WHAT TO DO: Which lines run from the one containing "for base, p1, p2, middle" to the end of the records? Write them out exactly, both ends included, and nothing else.

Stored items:
<<<<

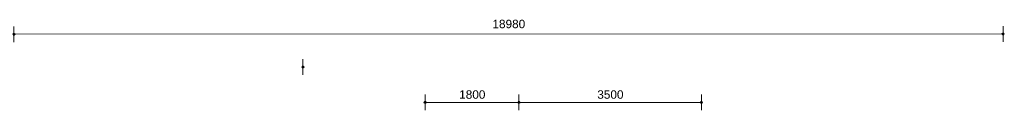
# Model space of a CAD drawing. Extents: x -294884 to 286267, y 0 to 1429765.
# Tile 101 of 178: x -74148 to -55254, y 708439 to 710176. Entities that reach past the tile are written whole.
import ezdxf

# ---------------------------------------------------------------- set-up
doc = ezdxf.new("R2010")
doc.units = 0
doc.header["$MEASUREMENT"] = 0
for name, color, linetype in [('A-0030-STRAMIEN', 1, 'Continuous'), ('A-0038-STR-MAATLIJN', 1, 'Continuous'), ('A-0040-ONDERLEGGER', 7, 'Continuous'), ('A-1130-TXT+MT-BE', 1, 'Continuous')]:
    doc.layers.add(name, color=color, linetype=linetype)
doc.dimstyles.new('@D03ST', dxfattribs={"dimtxt": 162, "dimasz": 1, "dimexe": 0.18, "dimexo": 0.0625, "dimgap": 16.2, "dimtad": 1, "dimdec": 0, "dimzin": 0, "dimdsep": 46, "dimtxsty": 'Standard', "dimblk": '^SD03____100_10', "dimcen": 0.09, "dimse1": 1, "dimse2": 1, "dimclrd": 1, "dimadec": 0, "dimazin": 0, "dimtfac": 1, "dimtdec": 4, "dimtmove": 0, "dimatfit": 3, "dimfxl": 0, "dimtolj": 1, "dimtzin": 0, "dimlwd": 13, "dimarcsym": 0})
doc.dimstyles.new('@D076', dxfattribs={"dimtxt": 630, "dimasz": 700, "dimexe": 0.18, "dimexo": 0.0625, "dimgap": 63, "dimtad": 1, "dimdec": 0, "dimzin": 0, "dimdsep": 46, "dimtxsty": 'Standard', "dimcen": 0.09, "dimse1": 1, "dimse2": 1, "dimclrd": 1, "dimadec": 0, "dimazin": 0, "dimtfac": 1, "dimtdec": 4, "dimtmove": 0, "dimatfit": 3, "dimfxl": 0, "dimtolj": 1, "dimtzin": 0, "dimlwd": 13, "dimarcsym": 0})

# ---------------------------------------------------------------- blocks, each defined once
blk = doc.blocks.new('*D')
at = {"color": 7, "linetype": 'Continuous', "lineweight": 18}
for points in [[(63166, 119959), (63144, 119983), (63120, 119961), (63142, 119937)], [(79555, 118858), (79535, 118883), (79510, 118863), (79530, 118838)], [(78980, 118574), (78960, 118599), (78934, 118579), (78955, 118554)], [(79521, 118520), (79501, 118545), (79476, 118524), (79496, 118499)], [(79521, 118520), (79501, 118545), (79476, 118524), (79496, 118499)], [(79171, 115037), (79151, 115063), (79126, 115042), (79146, 115017)], [(79171, 115037), (79151, 115063), (79126, 115042), (79146, 115017)], [(62950, 114664), (62928, 114688), (62904, 114666), (62926, 114642)], [(78450, 113301), (78429, 113326), (78404, 113305), (78425, 113280)], [(78991, 113246), (78971, 113272), (78945, 113251), (78966, 113226)], [(78991, 113246), (78971, 113272), (78945, 113251), (78966, 113226)], [(78957, 112908), (78937, 112933), (78911, 112913), (78932, 112888)], [(-122398, 58301), (-122421, 58278), (-122398, 58255), (-122375, 58278)], [(-117098, 58298), (-117121, 58275), (-117098, 58252), (-117075, 58275)], [(26619, -2093), (26642, -2070), (26619, -2047), (26596, -2070)], [(26619, -2093), (26642, -2070), (26619, -2047), (26596, -2070)], [(31919, -2093), (31942, -2070), (31919, -2047), (31896, -2070)], [(31919, -2093), (31942, -2070), (31919, -2047), (31896, -2070)], [(117098, -58298), (117121, -58275), (117098, -58252), (117075, -58275)], [(122398, -58301), (122421, -58278), (122398, -58255), (122375, -58278)]]:
    blk.add_lwpolyline(points, close=True, dxfattribs=at)
at = {"color": 1, "linetype": 'Continuous', "lineweight": 13}
for points in [[(62927, 114665), (63143, 119960)], [(63293, 119954), (62993, 119966)], [(79682, 118845), (79383, 118875)], [(79499, 118522), (79533, 118860)], [(78427, 113303), (78957, 118577)], [(79106, 118562), (78808, 118592)], [(79148, 115040), (79499, 118522)], [(79648, 118507), (79349, 118537)], [(79648, 118507), (79349, 118537)], [(78968, 113249), (79148, 115040)], [(79298, 115025), (78999, 115055)], [(79298, 115025), (78999, 115055)], [(63077, 114659), (62777, 114671)], [(78576, 113288), (78278, 113318)], [(79118, 113234), (78819, 113264)], [(79118, 113234), (78819, 113264)], [(78934, 112910), (78968, 113249)], [(79084, 112895), (78785, 112925)], [(-122398, 58428), (-122398, 58128)], [(-117098, 58425), (-117098, 58125)], [(-117098, 58275), (-122398, 58278)], [(26619, -2220), (26619, -1920)], [(26619, -2220), (26619, -1920)], [(26619, -2070), (31919, -2070)], [(26619, -2070), (31919, -2070)], [(31919, -2220), (31919, -1920)], [(31919, -2220), (31919, -1920)], [(117098, -58425), (117098, -58125)], [(122398, -58428), (122398, -58128)], [(117098, -58275), (122398, -58278)]]:
    blk.add_lwpolyline(points, dxfattribs=at)
at = {"layer": 'A-0030-STRAMIEN', "color": 1, "linetype": 'Continuous', "lineweight": 13}
for points in [[(139855, 104285), (140818, 109496)], [(140965, 109469), (140670, 109524)], [(140003, 104257), (139708, 104312)], [(150193, -2166), (150193, -1866)], [(155493, -2166), (155493, -1866)], [(150193, -2016), (155493, -2016)], [(162027, -30782), (162027, -31082)], [(167327, -30782), (167327, -31082)], [(167327, -30932), (162027, -30932)]]:
    blk.add_lwpolyline(points, dxfattribs=at)
at = {"layer": 'A-0030-STRAMIEN', "color": 7, "linetype": 'Continuous', "lineweight": 18}
for points in [[(140840, 109492), (140822, 109519), (140795, 109501), (140814, 109474)], [(139878, 104280), (139859, 104307), (139833, 104289), (139851, 104262)], [(150193, -2039), (150216, -2016), (150193, -1993), (150170, -2016)], [(155493, -2039), (155516, -2016), (155493, -1993), (155470, -2016)], [(162027, -30909), (162004, -30932), (162027, -30955), (162050, -30932)], [(167327, -30909), (167304, -30932), (167327, -30955), (167350, -30932)]]:
    blk.add_lwpolyline(points, close=True, dxfattribs=at)
at = {"layer": 'A-0038-STR-MAATLIJN', "color": 7, "linetype": 'Continuous', "lineweight": 18}
for points in [[(54797, 129790), (54775, 129813), (54751, 129791), (54773, 129768)], [(95253, 122694), (95232, 122719), (95207, 122698), (95228, 122673)], [(54234, 116190), (54212, 116214), (54188, 116192), (54210, 116168)], [(134756, 116152), (134737, 116179), (134711, 116161), (134729, 116134)], [(141535, 114904), (141516, 114930), (141490, 114912), (141508, 114885)], [(140545, 109547), (140527, 109574), (140500, 109555), (140519, 109528)], [(140545, 109547), (140527, 109574), (140500, 109555), (140519, 109528)], [(132961, 106437), (132943, 106463), (132916, 106445), (132934, 106418)], [(139738, 105178), (139720, 105205), (139693, 105186), (139712, 105159)], [(139738, 105178), (139720, 105205), (139693, 105186), (139712, 105159)], [(139583, 104335), (139564, 104362), (139538, 104343), (139556, 104317)], [(93554, 103790), (93533, 103815), (93508, 103794), (93529, 103769)], [(58987, 102748), (59011, 102770), (58989, 102794), (58965, 102772)], [(64710, 102511), (64734, 102533), (64712, 102557), (64688, 102535)], [(136387, 96140), (136414, 96158), (136396, 96185), (136369, 96167)], [(141956, 95112), (141982, 95130), (141964, 95157), (141937, 95138)], [(98415, 84674), (98440, 84695), (98419, 84720), (98394, 84699)], [(105362, 84050), (105387, 84071), (105366, 84096), (105342, 84075)], [(27759, -1278), (27736, -1301), (27759, -1324), (27782, -1301)], [(41370, -1275), (41347, -1298), (41370, -1321), (41393, -1298)], [(80074, -1279), (80051, -1302), (80074, -1325), (80097, -1302)], [(99055, -1275), (99032, -1298), (99055, -1321), (99078, -1298)], [(151050, -1293), (151073, -1270), (151050, -1247), (151027, -1270)], [(160941, -1293), (160964, -1270), (160941, -1247), (160918, -1270)], [(150193, -1739), (150216, -1716), (150193, -1693), (150170, -1716)], [(151050, -1739), (151073, -1716), (151050, -1693), (151027, -1716)], [(151050, -1739), (151073, -1716), (151050, -1693), (151027, -1716)], [(155493, -1739), (155516, -1716), (155493, -1693), (155470, -1716)], [(155493, -1739), (155516, -1716), (155493, -1693), (155470, -1716)], [(160941, -1739), (160964, -1716), (160941, -1693), (160918, -1716)], [(163921, -1806), (163944, -1783), (163921, -1760), (163898, -1783)], [(167496, -1806), (167519, -1783), (167496, -1760), (167473, -1783)], [(85620, -1954), (85643, -1931), (85620, -1908), (85597, -1931)], [(85620, -1954), (85643, -1931), (85620, -1908), (85597, -1931)], [(87964, -2634), (87987, -2611), (87964, -2588), (87941, -2611)], [(89764, -2634), (89787, -2611), (89764, -2588), (89741, -2611)], [(89764, -2634), (89787, -2611), (89764, -2588), (89741, -2611)], [(93264, -2634), (93287, -2611), (93264, -2588), (93241, -2611)], [(16419, -29586), (16442, -29609), (16419, -29632), (16396, -29609)], [(30030, -29589), (30053, -29612), (30030, -29635), (30007, -29612)], [(85801, -29618), (85824, -29641), (85801, -29664), (85778, -29641)], [(104781, -29622), (104804, -29645), (104781, -29668), (104758, -29645)], [(156589, -30076), (156566, -30053), (156589, -30030), (156612, -30053)], [(166470, -30076), (166447, -30053), (166470, -30030), (166492, -30053)], [(91591, -30780), (91568, -30757), (91591, -30734), (91614, -30757)], [(95091, -30780), (95068, -30757), (95091, -30734), (95114, -30757)], [(95091, -30780), (95068, -30757), (95091, -30734), (95114, -30757)], [(96891, -30780), (96868, -30757), (96891, -30734), (96914, -30757)]]:
    blk.add_lwpolyline(points, close=True, dxfattribs=at)
at = {"layer": 'A-0038-STR-MAATLIJN', "color": 1, "linetype": 'Continuous', "lineweight": 13}
for points in [[(54211, 116191), (54774, 129790)], [(54924, 129784), (54624, 129797)], [(93531, 103792), (95230, 122696)], [(95379, 122683), (95080, 122709)], [(54361, 116185), (54061, 116197)], [(132939, 106441), (134733, 116156)], [(134881, 116129), (134586, 116184)], [(140523, 109551), (141512, 114908)], [(141660, 114881), (141365, 114935)], [(139716, 105182), (140523, 109551)], [(140670, 109524), (140375, 109578)], [(140670, 109524), (140375, 109578)], [(133086, 106414), (132791, 106468)], [(139560, 104339), (139716, 105182)], [(139863, 105155), (139568, 105209)], [(139863, 105155), (139568, 105209)], [(139708, 104312), (139413, 104366)], [(93680, 103778), (93382, 103805)], [(58982, 102621), (58994, 102921)], [(58988, 102771), (64711, 102534)], [(64705, 102384), (64717, 102684)], [(136364, 96015), (136419, 96310)], [(136392, 96163), (141960, 95134)], [(141932, 94987), (141987, 95282)], [(98404, 84548), (98430, 84847)], [(98417, 84697), (105364, 84073)], [(105351, 83924), (105378, 84222)], [(151050, -1420), (151050, -1120)], [(160941, -1420), (160941, -1120)], [(27759, -1151), (27759, -1451)], [(41370, -1298), (27759, -1301)], [(41370, -1148), (41370, -1448)], [(80074, -1152), (80074, -1452)], [(99055, -1298), (80074, -1302)], [(99055, -1148), (99055, -1448)], [(151050, -1270), (160941, -1270)], [(150193, -1866), (150193, -1566)], [(151050, -1866), (151050, -1566)], [(151050, -1866), (151050, -1566)], [(155493, -1866), (155493, -1566)], [(155493, -1866), (155493, -1566)], [(160941, -1866), (160941, -1566)], [(163921, -1933), (163921, -1633)], [(167496, -1933), (167496, -1633)], [(85620, -2081), (85620, -1781)], [(85620, -2081), (85620, -1781)], [(150193, -1716), (151050, -1716)], [(151050, -1716), (155493, -1716)], [(155493, -1716), (160941, -1716)], [(163921, -1783), (167496, -1783)], [(87964, -2761), (87964, -2461)], [(87964, -2611), (89764, -2611)], [(89764, -2761), (89764, -2461)], [(89764, -2761), (89764, -2461)], [(89764, -2611), (93264, -2611)], [(93264, -2761), (93264, -2461)], [(16419, -29459), (16419, -29759)], [(30030, -29462), (30030, -29762)], [(16419, -29609), (30030, -29612)], [(85801, -29491), (85801, -29791)], [(85801, -29641), (104781, -29645)], [(104781, -29495), (104781, -29795)], [(156589, -30203), (156589, -29903)], [(166470, -30203), (166470, -29903)], [(166470, -30053), (156589, -30053)], [(91591, -30907), (91591, -30607)], [(95091, -30907), (95091, -30607)], [(95091, -30907), (95091, -30607)], [(96891, -30907), (96891, -30607)], [(95091, -30757), (91591, -30757)], [(96891, -30757), (95091, -30757)]]:
    blk.add_lwpolyline(points, dxfattribs=at)
at = {"layer": 'A-0038-STR-MAATLIJN', "color": 1, "linetype": 'Continuous'}
blk.add_point((85620, -1931), dxfattribs=at)
at = {"layer": 'A-1130-TXT+MT-BE', "color": 1, "linetype": 'Continuous', "lineweight": 13}
for points in [[(62774, 119975), (63160, 129448)], [(63310, 129442), (63010, 129455)], [(62923, 119969), (62624, 119981)], [(62923, 119969), (62624, 119981)], [(62604, 115818), (62774, 119975)], [(62754, 115812), (62454, 115824)], [(62754, 115812), (62454, 115824)], [(62558, 114679), (62604, 115818)], [(62708, 114673), (62408, 114685)], [(-131879, 58064), (-131879, 57764)], [(-122398, 58058), (-122398, 57758)], [(-122398, 58058), (-122398, 57758)], [(-118237, 58056), (-118237, 57756)], [(-118237, 58056), (-118237, 57756)], [(-117097, 58055), (-117097, 57755)], [(-122398, 57908), (-131879, 57914)], [(-118237, 57906), (-122398, 57908)], [(-117097, 57905), (-118237, 57906)], [(26618, -1850), (26618, -1550)], [(26618, -1700), (27759, -1700)], [(27759, -1850), (27759, -1550)], [(27759, -1850), (27759, -1550)], [(27759, -1700), (31919, -1700)], [(31919, -1850), (31919, -1550)], [(31919, -1850), (31919, -1550)], [(31919, -1700), (41400, -1700)], [(41400, -1850), (41400, -1550)], [(25452, -30820), (25452, -30520)], [(30752, -30820), (30752, -30520)], [(25452, -30670), (30752, -30670)], [(71110, -33871), (70810, -33871)], [(70960, -34871), (70960, -33871)], [(115190, -33871), (114890, -33871)], [(115040, -34871), (115040, -33871)], [(71110, -34871), (70810, -34871)], [(115190, -34871), (114890, -34871)], [(117097, -58055), (117097, -57755)], [(118237, -58056), (118237, -57756)], [(118237, -58056), (118237, -57756)], [(122398, -58058), (122398, -57758)], [(122398, -58058), (122398, -57758)], [(131879, -58064), (131879, -57764)], [(117097, -57905), (118237, -57906)], [(118237, -57906), (122398, -57908)], [(122398, -57908), (131879, -57914)]]:
    blk.add_lwpolyline(points, dxfattribs=at)
at = {"layer": 'A-1130-TXT+MT-BE', "color": 7, "linetype": 'Continuous', "lineweight": 18}
for points in [[(63183, 129448), (63161, 129471), (63137, 129449), (63159, 129426)], [(62797, 119974), (62774, 119998), (62751, 119976), (62773, 119952)], [(62797, 119974), (62774, 119998), (62751, 119976), (62773, 119952)], [(62627, 115817), (62605, 115841), (62581, 115819), (62603, 115795)], [(62627, 115817), (62605, 115841), (62581, 115819), (62603, 115795)], [(62581, 114678), (62559, 114702), (62535, 114680), (62557, 114656)], [(-131879, 57937), (-131902, 57914), (-131879, 57891), (-131856, 57914)], [(-122398, 57931), (-122421, 57908), (-122398, 57885), (-122375, 57908)], [(-122398, 57931), (-122421, 57908), (-122398, 57885), (-122375, 57908)], [(-118237, 57929), (-118260, 57906), (-118237, 57883), (-118214, 57906)], [(-118237, 57929), (-118260, 57906), (-118237, 57883), (-118214, 57906)], [(-117097, 57928), (-117120, 57905), (-117097, 57882), (-117074, 57905)], [(26618, -1723), (26641, -1700), (26618, -1677), (26595, -1700)], [(27759, -1723), (27782, -1700), (27759, -1677), (27736, -1700)], [(27759, -1723), (27782, -1700), (27759, -1677), (27736, -1700)], [(31919, -1723), (31942, -1700), (31919, -1677), (31896, -1700)], [(31919, -1723), (31942, -1700), (31919, -1677), (31896, -1700)], [(41400, -1723), (41423, -1700), (41400, -1677), (41377, -1700)], [(25452, -30693), (25475, -30670), (25452, -30647), (25429, -30670)], [(30752, -30693), (30775, -30670), (30752, -30647), (30729, -30670)], [(70982, -33871), (70960, -33848), (70937, -33871), (70960, -33894)], [(115063, -33871), (115040, -33848), (115017, -33871), (115040, -33894)], [(70982, -34871), (70960, -34848), (70937, -34871), (70960, -34894)], [(115063, -34871), (115040, -34848), (115017, -34871), (115040, -34894)], [(117097, -57928), (117120, -57905), (117097, -57882), (117074, -57905)], [(118237, -57929), (118260, -57906), (118237, -57883), (118214, -57906)], [(118237, -57929), (118260, -57906), (118237, -57883), (118214, -57906)], [(122398, -57931), (122421, -57908), (122398, -57885), (122375, -57908)], [(122398, -57931), (122421, -57908), (122398, -57885), (122375, -57908)], [(131879, -57937), (131902, -57914), (131879, -57891), (131856, -57914)]]:
    blk.add_lwpolyline(points, close=True, dxfattribs=at)
at = {"color": 7, "linetype": 'Continuous', "char_height": 135, "attachment_point": 7, "line_spacing_factor": 0.933333}
for s, insert, rotation in [('{\\fArial|b0|i0|c12|p0;340}', (79443, 118543), 84.2582), ('{\\fArial|b0|i0|c12|p0;5300}', (62969, 117109), 87.6654), ('{\\fArial|b0|i0|c12|p0;3500}', (79246, 116581), 84.2577), ('{\\fArial|b0|i0|c12|p0;5300}', (78614, 115740), 84.2577), ('{\\fArial|b0|i0|c12|p0;1800}', (78980, 113945), 84.2577), ('{\\fArial|b0|i0|c12|p0;340}', (78879, 112931), 84.2582), ('{\\fArial|b0|i0|c12|p0;5300}', (-119954, 58369), 359.9654), ('{\\fArial|b0|i0|c12|p0;5300}', (119541, -58219), 359.9654)]:
    blk.add_mtext(s, dxfattribs=dict(at, insert=insert, rotation=rotation))
at = {"color": 7, "linetype": 'Continuous', "insert": (29063, -2013), "char_height": 135, "attachment_point": 7, "line_spacing_factor": 0.933333}
blk.add_mtext('{\\fArial|b0|i0|c12|p0;5300}', dxfattribs=at)
blk.add_mtext('{\\fArial|b0|i0|c12|p0;5300}', dxfattribs=at)
at = {"layer": 'A-0030-STRAMIEN', "color": 7, "linetype": 'Continuous', "insert": (140224, 106660), "char_height": 162, "attachment_point": 7, "rotation": 79.5354, "line_spacing_factor": 0.933333}
blk.add_mtext('{\\fArial|b0|i0|c12|p0;5300}', dxfattribs=at)
at = {"layer": 'A-0030-STRAMIEN', "color": 7, "linetype": 'Continuous', "char_height": 162, "attachment_point": 7, "line_spacing_factor": 0.933333}
for insert in [(152596, -1947), (164429, -30821)]:
    blk.add_mtext('{\\fArial|b0|i0|c12|p0;5300}', dxfattribs=dict(at, insert=insert))
at = {"layer": 'A-0038-STR-MAATLIJN', "color": 7, "linetype": 'Continuous', "char_height": 162, "attachment_point": 7, "line_spacing_factor": 0.933333}
for s, insert, rotation in [('{\\fArial|b0|i0|c12|p0;13611}', (54411, 122684), 87.6307), ('{\\fArial|b0|i0|c12|p0;18980}', (94284, 112942), 84.865), ('{\\fArial|b0|i0|c12|p0;5448}', (140905, 111999), 79.5354), ('{\\fArial|b0|i0|c12|p0;9880}', (133723, 111068), 79.535), ('{\\fArial|b0|i0|c12|p0;4443}', (140007, 107136), 79.5354), ('{\\fArial|b0|i0|c12|p0;857}', (139536, 104591), 79.5354), ('{\\fArial|b0|i0|c12|p0;5728}', (61605, 102732), 357.6307), ('{\\fArial|b0|i0|c12|p0;5662}', (138945, 95761), 349.535), ('{\\fArial|b0|i0|c12|p0;6975}', (101650, 84476), 354.865), ('{\\fArial|b0|i0|c12|p0;13611}', (34255, -1189), 0.011), ('{\\fArial|b0|i0|c12|p0;18980}', (89255, -1189), 0.011), ('{\\fArial|b0|i0|c12|p0;9890}', (155748, -1201), 0), ('{\\fArial|b0|i0|c12|p0;13611}', (22915, -29499), 359.989), ('{\\fArial|b0|i0|c12|p0;18980}', (94982, -29532), 359.989), ('{\\fArial|b0|i0|c12|p0;9880}', (161282, -29984), 360)]:
    blk.add_mtext(s, dxfattribs=dict(at, insert=insert, rotation=rotation))
for s, insert in [('{\\fArial|b0|i0|c12|p0;857}', (150436, -1647)), ('{\\fArial|b0|i0|c12|p0;4443}', (153024, -1647)), ('{\\fArial|b0|i0|c12|p0;5448}', (157970, -1647)), ('{\\fArial|b0|i0|c12|p0;3575}', (165461, -1714)), ('{\\fArial|b0|i0|c12|p0;1800}', (88617, -2542)), ('{\\fArial|b0|i0|c12|p0;3500}', (91267, -2542)), ('{\\fArial|b0|i0|c12|p0;3500}', (93094, -30688)), ('{\\fArial|b0|i0|c12|p0;1800}', (95744, -30688))]:
    blk.add_mtext(s, dxfattribs=dict(at, insert=insert))
at = {"layer": 'A-1130-TXT+MT-BE', "color": 7, "linetype": 'Continuous', "char_height": 135, "attachment_point": 7, "line_spacing_factor": 0.933333}
for s, insert, rotation in [('{\\fArial|b0|i0|c12|p0;9481}', (62901, 124508), 87.6653), ('{\\fArial|b0|i0|c12|p0;4160}', (62623, 117693), 87.6653), ('{\\fArial|b0|i0|c12|p0;1140}', (62515, 115045), 87.6653), ('{\\fArial|b0|i0|c12|p0;9481}', (-127344, 58004), 359.9653), ('{\\fArial|b0|i0|c12|p0;4160}', (-120524, 58000), 359.9653), ('{\\fArial|b0|i0|c12|p0;1140}', (-117873, 57998), 359.9653), ('{\\fArial|b0|i0|c12|p0;1140}', (26982, -1643), 360), ('{\\fArial|b0|i0|c12|p0;4160}', (29633, -1643), 360), ('{\\fArial|b0|i0|c12|p0;9481}', (36454, -1643), 360), ('{\\fArial|b0|i0|c12|p0;1000}', (70902, -34578), 90), ('{\\fArial|b0|i0|c12|p0;1000}', (114982, -34578), 90), ('{\\fArial|b0|i0|c12|p0;1140}', (117461, -57848), 359.9654), ('{\\fArial|b0|i0|c12|p0;4160}', (120111, -57849), 359.9654), ('{\\fArial|b0|i0|c12|p0;9481}', (126932, -57853), 359.9654)]:
    blk.add_mtext(s, dxfattribs=dict(at, insert=insert, rotation=rotation))
at = {"layer": 'A-1130-TXT+MT-BE', "color": 7, "linetype": 'Continuous', "insert": (27896, -30612), "char_height": 135, "attachment_point": 7, "line_spacing_factor": 0.933333}
blk.add_mtext('{\\fArial|b0|i0|c12|p0;5300}', dxfattribs=at)
blk = doc.blocks.new('^SD03____100_10')
at = {"layer": 'A-0038-STR-MAATLIJN', "color": 7, "linetype": 'Continuous', "lineweight": 18}
blk.add_lwpolyline([(0, -23), (23, 0), (0, 23), (-23, 0)], close=True, dxfattribs=at)
at = {"layer": 'A-0038-STR-MAATLIJN', "color": 1, "linetype": 'Continuous', "lineweight": 13}
blk.add_lwpolyline([(0, -150), (0, 150)], dxfattribs=at)
blk = doc.blocks.new('M-NIEUW_144')
at = {"layer": 'A-0030-STRAMIEN', "color": 7, "linetype": 'Continuous'}
for base, p1, p2, angle, middle in [((155493.3, -2015.7), (150193.4, -2015.7), (155493.3, -2015.7), 0, (152843.4, -2015.7)), ((155493.3, -18548.4), (150193.4, -18548.4), (155493.3, -18548.4), 180, (152843.4, -18548.4))]:
    dim = blk.add_linear_dim(base=base, p1=p1, p2=p2, angle=angle, dimstyle='@D03ST', override={"dimpost": '{\\fArial|b0|i0|c12|p0;<>}'}, dxfattribs=at)
    dim.commit()
    dim.dimension.update_dxf_attribs({"geometry": '*D', "text_midpoint": middle})
at = {"layer": 'A-0038-STR-MAATLIJN', "color": 7, "linetype": 'Continuous'}
dim = blk.add_linear_dim(base=(167496.2, -1783), p1=(163921.3, -1783), p2=(167496.2, -1783), dimstyle='@D03ST', override={"dimpost": '{\\fArial|b0|i0|c12|p0;<>}'}, dxfattribs=at)
dim.commit()
dim.dimension.update_dxf_attribs({"geometry": '*D', "text_midpoint": (165708.8, -1783)})
for base, p1, p2, middle in [((151050.5, -1715.7), (150193.4, -1715.6), (151050.5, -1715.7), (150621.9, -1715.7)), ((155493.3, -1715.7), (151050.5, -1715.7), (155493.3, -1715.7), (153271.9, -1715.7)), ((160940.9, -1715.7), (155493.3, -1715.7), (160940.9, -1715.7), (158217.1, -1715.7)), ((160940.9, -1270), (151050.5, -1268), (160940.9, -1270), (155995.7, -1270))]:
    dim = blk.add_linear_dim(base=base, p1=p1, p2=p2, angle=0, dimstyle='@D03ST', override={"dimpost": '{\\fArial|b0|i0|c12|p0;<>}'}, dxfattribs=at)
    dim.commit()
    dim.dimension.update_dxf_attribs({"geometry": '*D', "text_midpoint": middle})
at = {"layer": 'A-0040-ONDERLEGGER', "color": 7, "linetype": 'Continuous'}
dim = blk.add_linear_dim(base=(156017.9, 72961.7), p1=(131203.8, 70832.7), p2=(155593.2, 68507.2), angle=323.18528, dimstyle='@D076', override={"dimpost": '{\\fArial|b0|i0|c12|p0;<>}'}, dxfattribs=at)
dim.commit()
dim.dimension.update_dxf_attribs({"geometry": '*D', "text_midpoint": (143758.8, 74593.8)})

msp = doc.modelspace()

# ---------------------------------------------------------------- block references
msp.add_blockref('M-NIEUW_144', (-154332, 711200))

doc.saveas('drawing.dxf')

>>>>

EXPECTED ANSWER:
for base, p1, p2, middle in [((151050.5, -1715.7), (150193.4, -1715.6), (151050.5, -1715.7), (150621.9, -1715.7)), ((155493.3, -1715.7), (151050.5, -1715.7), (155493.3, -1715.7), (153271.9, -1715.7)), ((160940.9, -1715.7), (155493.3, -1715.7), (160940.9, -1715.7), (158217.1, -1715.7)), ((160940.9, -1270), (151050.5, -1268), (160940.9, -1270), (155995.7, -1270))]:
    dim = blk.add_linear_dim(base=base, p1=p1, p2=p2, angle=0, dimstyle='@D03ST', override={"dimpost": '{\\fArial|b0|i0|c12|p0;<>}'}, dxfattribs=at)
    dim.commit()
    dim.dimension.update_dxf_attribs({"geometry": '*D', "text_midpoint": middle})
at = {"layer": 'A-0040-ONDERLEGGER', "color": 7, "linetype": 'Continuous'}
dim = blk.add_linear_dim(base=(156017.9, 72961.7), p1=(131203.8, 70832.7), p2=(155593.2, 68507.2), angle=323.18528, dimstyle='@D076', override={"dimpost": '{\\fArial|b0|i0|c12|p0;<>}'}, dxfattribs=at)
dim.commit()
dim.dimension.update_dxf_attribs({"geometry": '*D', "text_midpoint": (143758.8, 74593.8)})

msp = doc.modelspace()

# ---------------------------------------------------------------- block references
msp.add_blockref('M-NIEUW_144', (-154332, 711200))

doc.saveas('drawing.dxf')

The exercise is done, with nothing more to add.